Translating the eating operations into population deltas immediately reveals that the three types of animals are actually interchangeable. The problem talks about a lion eating a goat, as opposed to a goat eating a lion, but you always lose the eater and the eatee while gaining one of the uninvolved animal… so the differences don’t matter.

Even more important, though, is the realization that the order of operations doesn’t matter when using deltas. We might get a negative number of goats along the way, but the total will end up the same. Not caring about order would *massively* simplify the problem. Lucky for us, it turns out that we can get away with this simplification. Assuming the final population is stable and positive, we’re guaranteed to be able to re-order eating in a way that avoids negative populations.

Two more useful properties, apparent from the delta forms of the operations, are *preservation of relative parity* and *linear independence*. First, the operations we have can only adjust the difference between two populations by -2, 0, or +2. This means there’s no sequence of X-eats-Y that can make an initially-even population end up equal to an initially-odd population. Second, because the vectors `[+1,-1,-1]`

, `[-1,+1,-1]`

, and `[-1,-1,+1]`

are linearly independent, we can’t recreate the effect of a wolf eating a goat by combining lions eating wolves with lions eating goats (even when allowing negative or continuous counts). This means that, ignoring order, there’s *only one way* to go from the initial population to some specified final population.

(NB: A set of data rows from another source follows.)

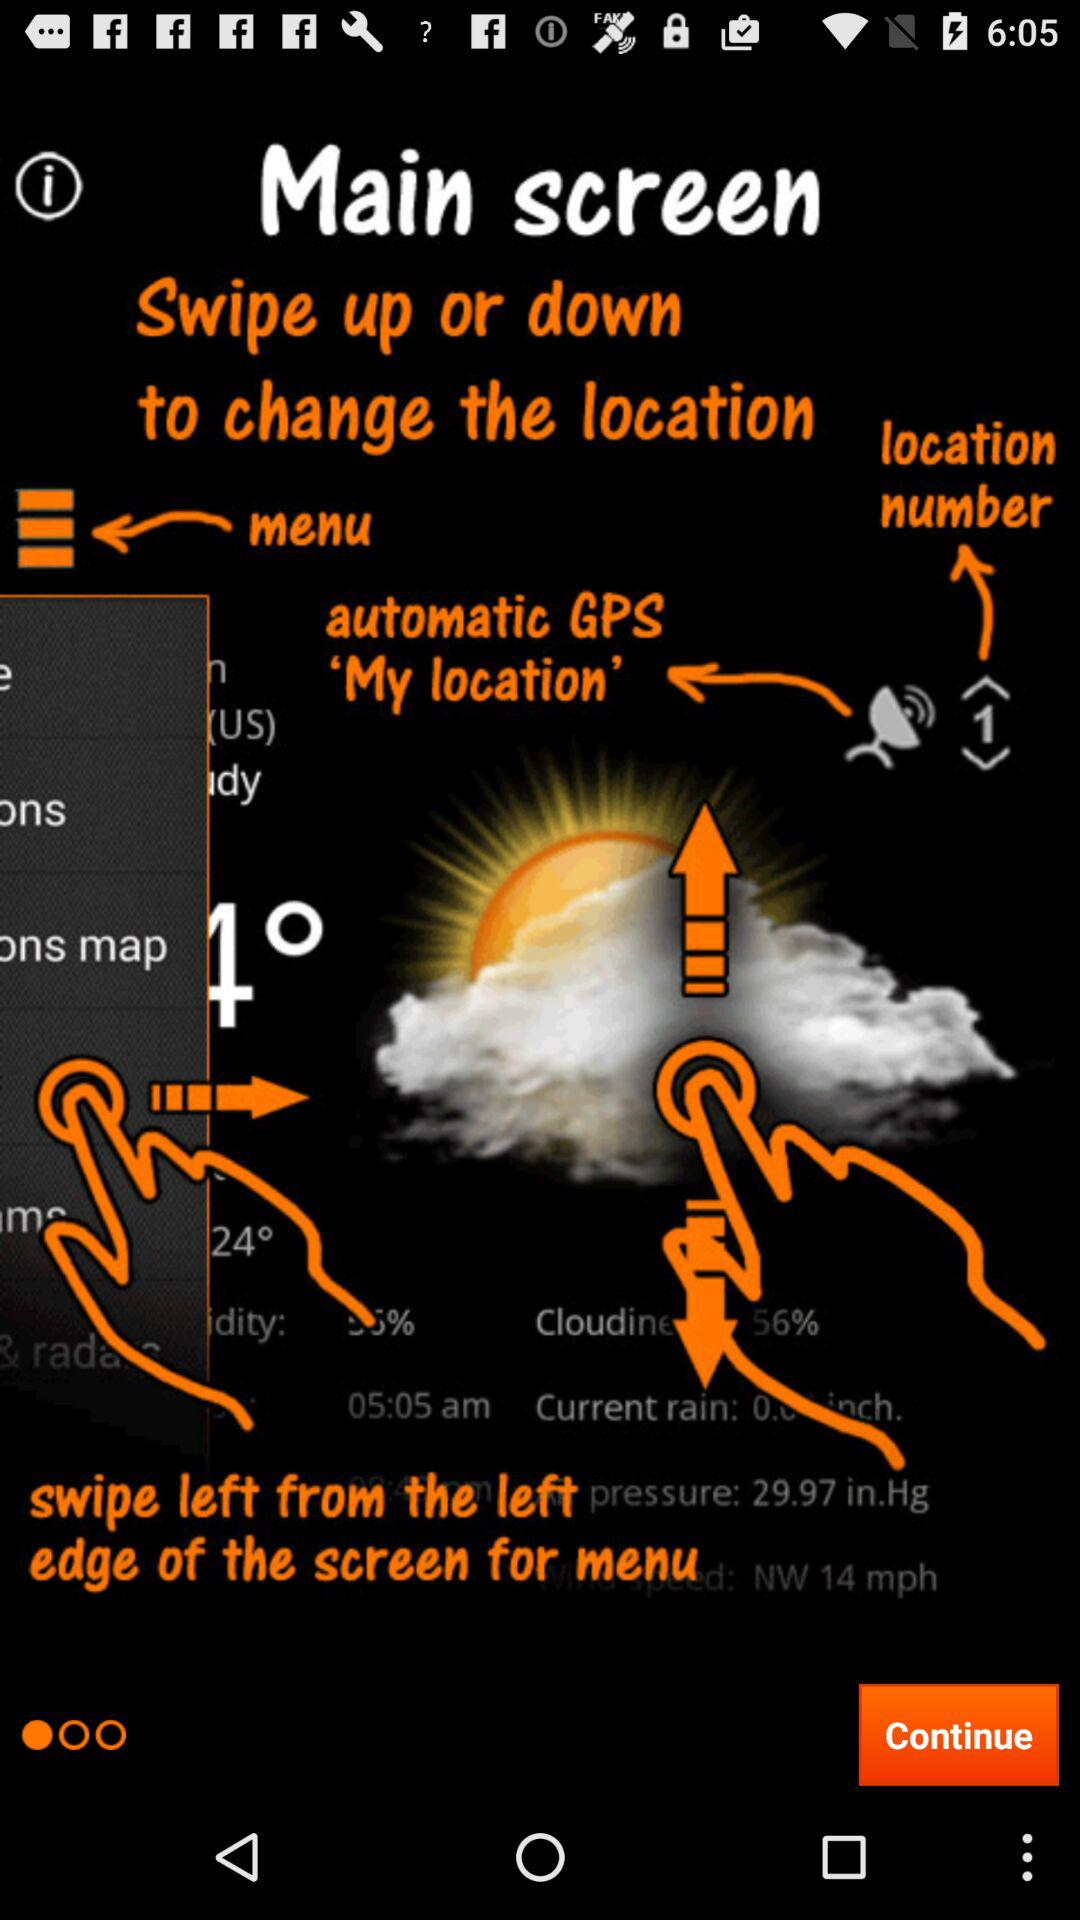What is the location number? The location number is 1. 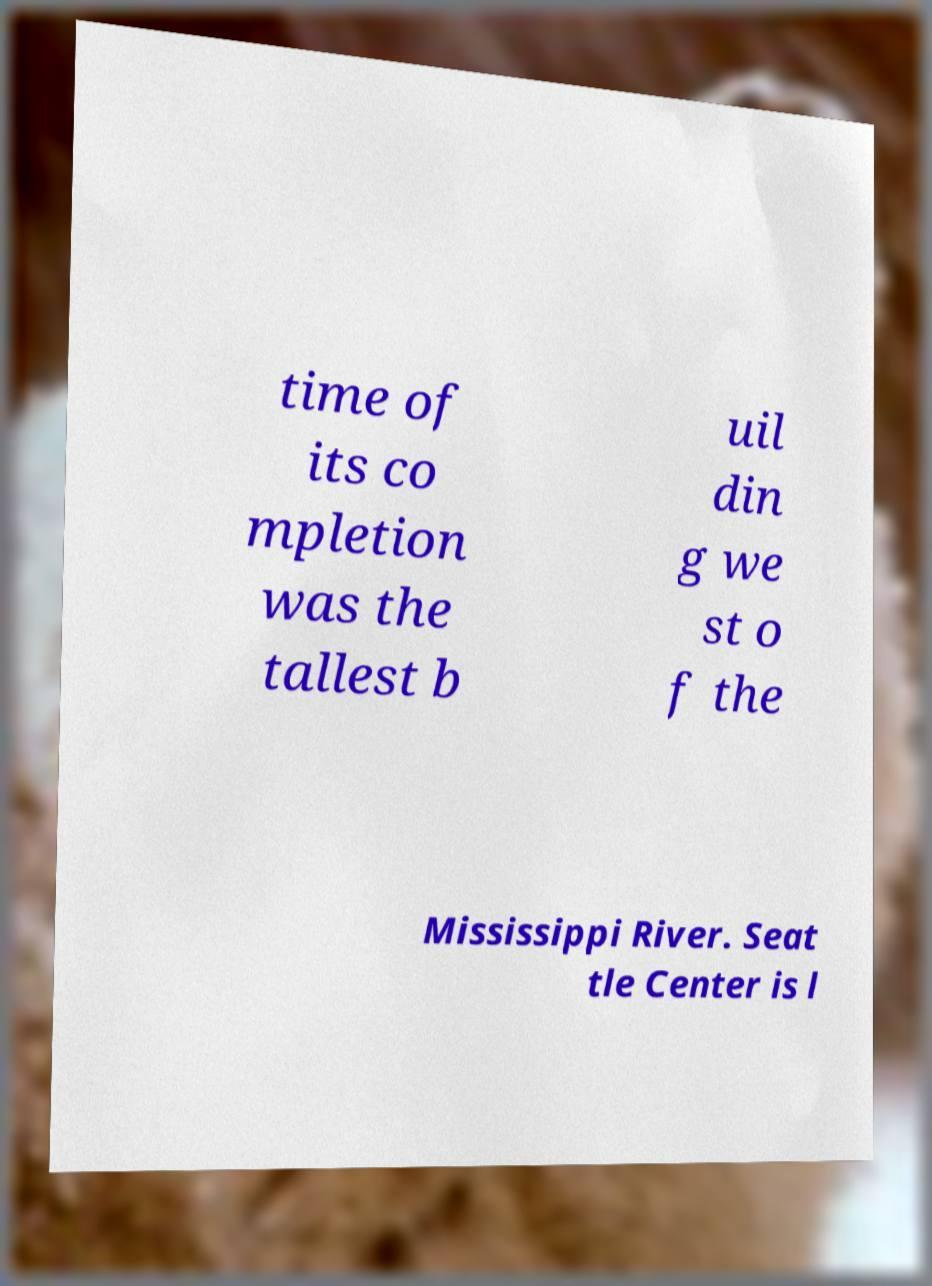Could you assist in decoding the text presented in this image and type it out clearly? time of its co mpletion was the tallest b uil din g we st o f the Mississippi River. Seat tle Center is l 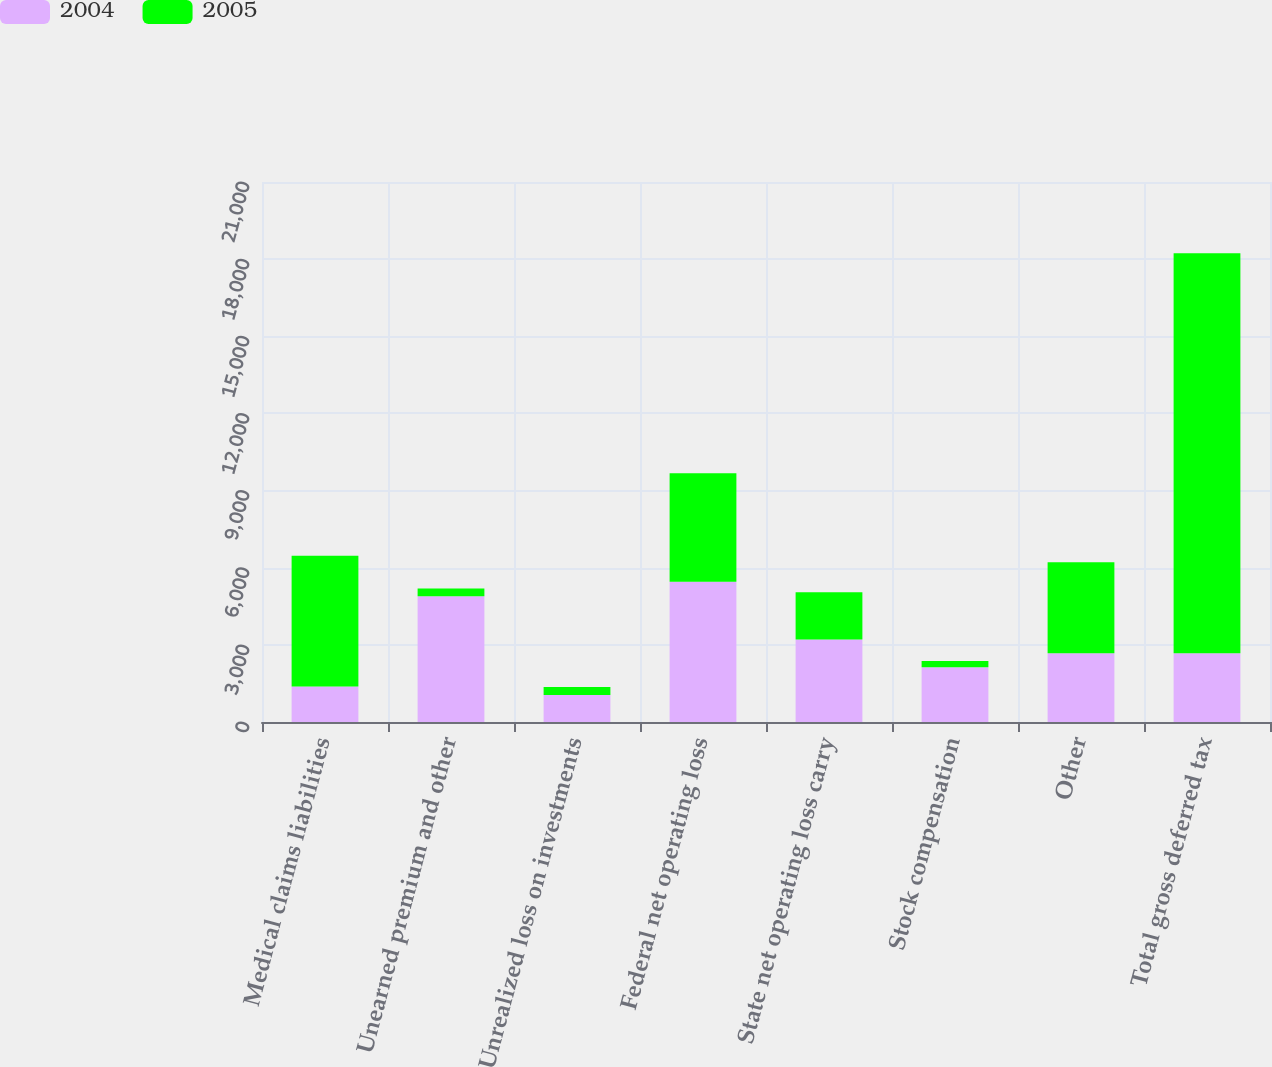Convert chart. <chart><loc_0><loc_0><loc_500><loc_500><stacked_bar_chart><ecel><fcel>Medical claims liabilities<fcel>Unearned premium and other<fcel>Unrealized loss on investments<fcel>Federal net operating loss<fcel>State net operating loss carry<fcel>Stock compensation<fcel>Other<fcel>Total gross deferred tax<nl><fcel>2004<fcel>1383<fcel>4890<fcel>1053<fcel>5452<fcel>3205<fcel>2126<fcel>2675<fcel>2675<nl><fcel>2005<fcel>5086<fcel>304<fcel>312<fcel>4219<fcel>1845<fcel>243<fcel>3542<fcel>15551<nl></chart>

Basically, our problem is a simple linear system with nice properties and so integer programming should be extremely effective.

**Integer Program**

If we have an initial population of `$[x_1, x_2, x_3]$`

, and apply the operations `[+1,-1,-1]`

, `[-1,+1,-1]`

, `[-1,-1,+1]`

a total of `$d_1$`

, `$d_2$`

, and `$d_3$`

times respectively, then the resulting population will be `[$x_1+d_1-d_2-d_3$, $x_2-d_1+d_2-d_3$, $x_3-d_1-d_2+d_3$]`

. We want to maximize the sum of that resulting population, which is `$x_1+x_2+x_3-d_1-d_2-d_3$`

.

We only have two constraints on the system. First, the delta operations can only be applied a non-negative integer number of times. We don’t want lions throwing up goats or half-transforming into wolves. Second, the final population must have only one type of animal. This is the only way to guarantee nothing can eat anything else anymore, keeping things stable.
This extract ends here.